▸ **WHAT YOU ARE ASKED TO DO**: For every line in the data below, check for the word "traffic", then state how many lines have it. Answer with the number only.

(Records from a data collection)
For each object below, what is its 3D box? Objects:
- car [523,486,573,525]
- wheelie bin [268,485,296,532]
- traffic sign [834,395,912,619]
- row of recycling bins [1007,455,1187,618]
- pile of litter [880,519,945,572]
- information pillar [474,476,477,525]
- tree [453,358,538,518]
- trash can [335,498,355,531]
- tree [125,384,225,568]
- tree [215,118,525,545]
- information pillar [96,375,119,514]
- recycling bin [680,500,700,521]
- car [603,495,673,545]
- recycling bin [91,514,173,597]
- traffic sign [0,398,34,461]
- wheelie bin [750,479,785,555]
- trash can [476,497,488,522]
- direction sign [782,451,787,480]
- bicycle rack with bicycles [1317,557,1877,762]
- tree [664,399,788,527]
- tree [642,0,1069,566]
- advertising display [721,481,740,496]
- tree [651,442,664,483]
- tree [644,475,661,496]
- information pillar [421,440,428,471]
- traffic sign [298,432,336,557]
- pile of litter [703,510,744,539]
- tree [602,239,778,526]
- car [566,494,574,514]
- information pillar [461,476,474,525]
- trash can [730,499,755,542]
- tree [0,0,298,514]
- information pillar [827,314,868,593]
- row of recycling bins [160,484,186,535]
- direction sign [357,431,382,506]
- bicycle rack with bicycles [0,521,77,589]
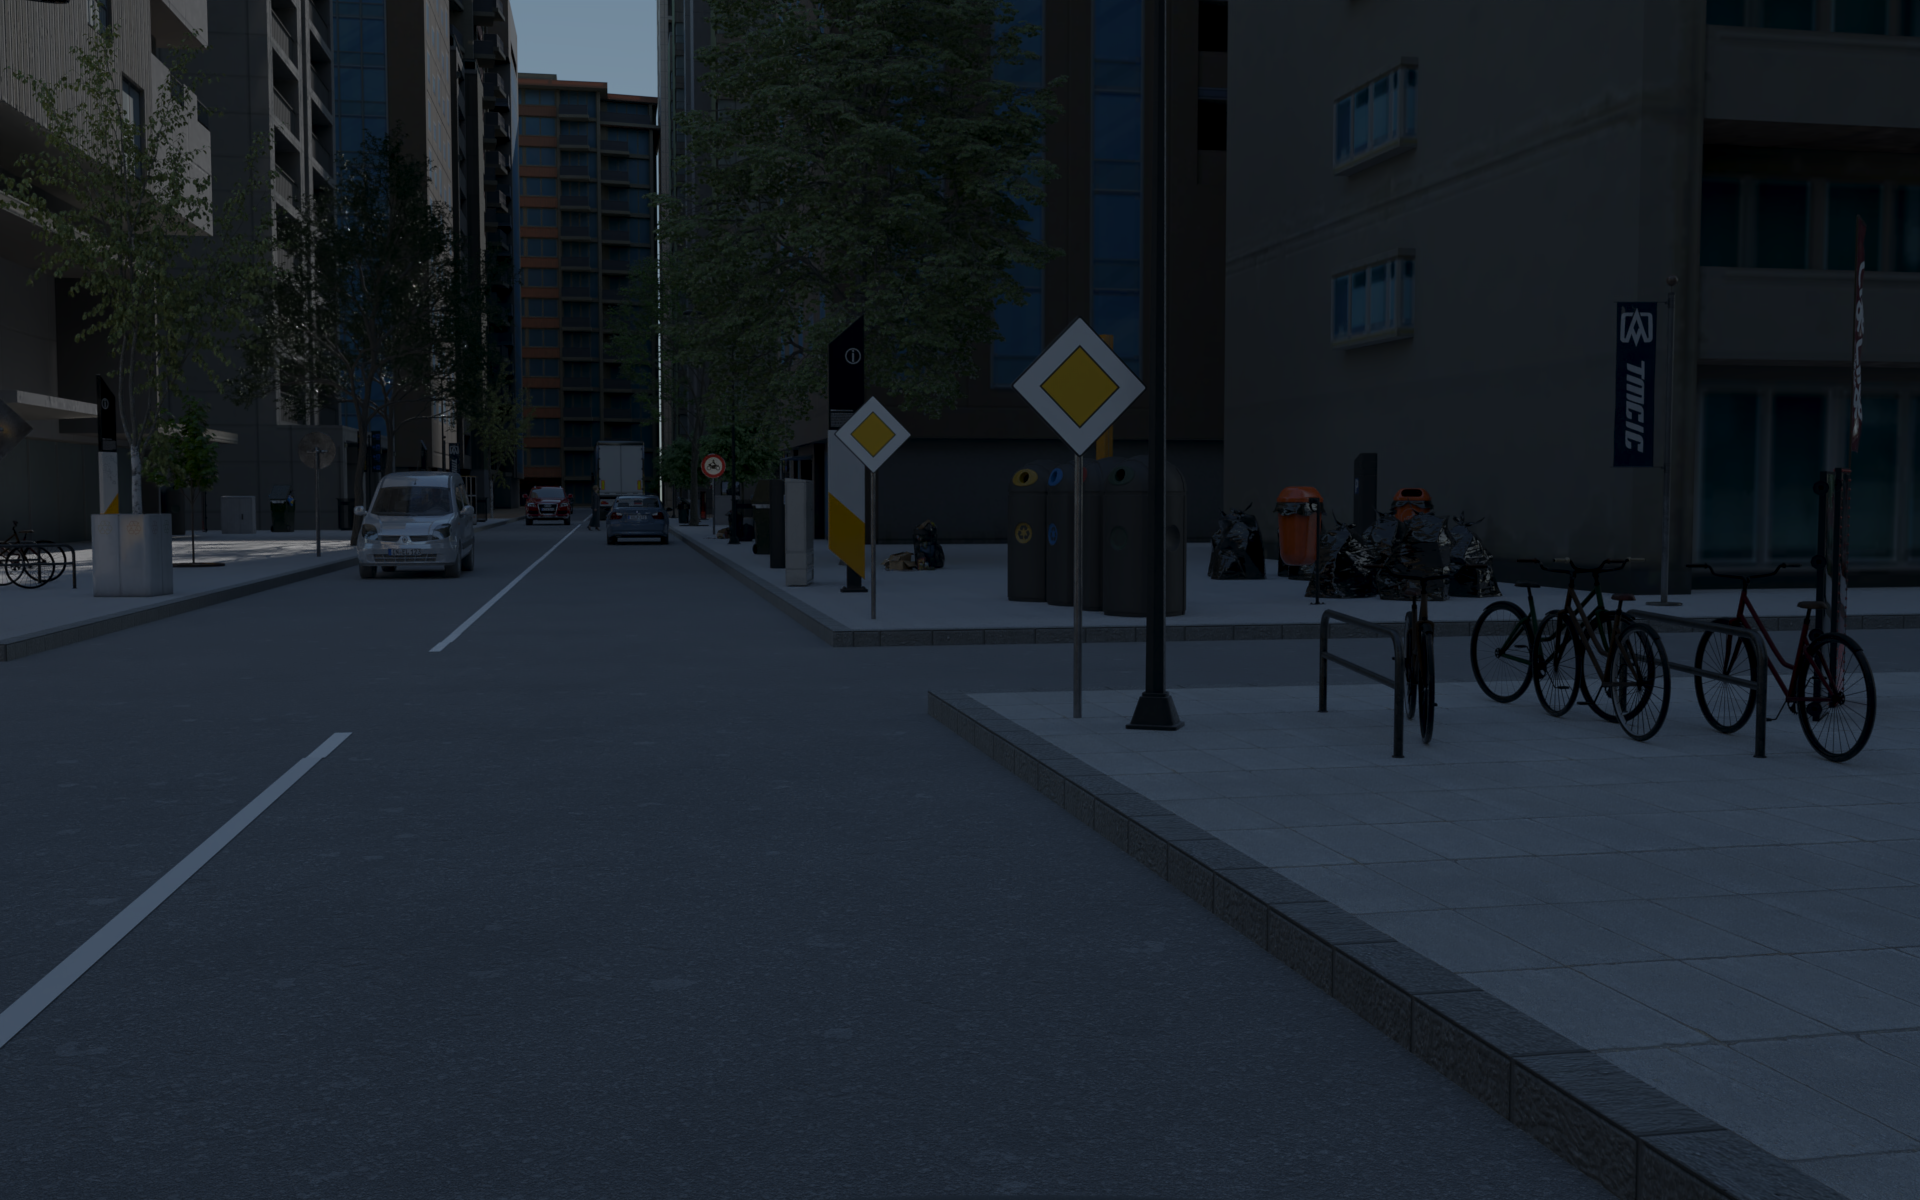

▸ **EXPECTED ANSWER**: 3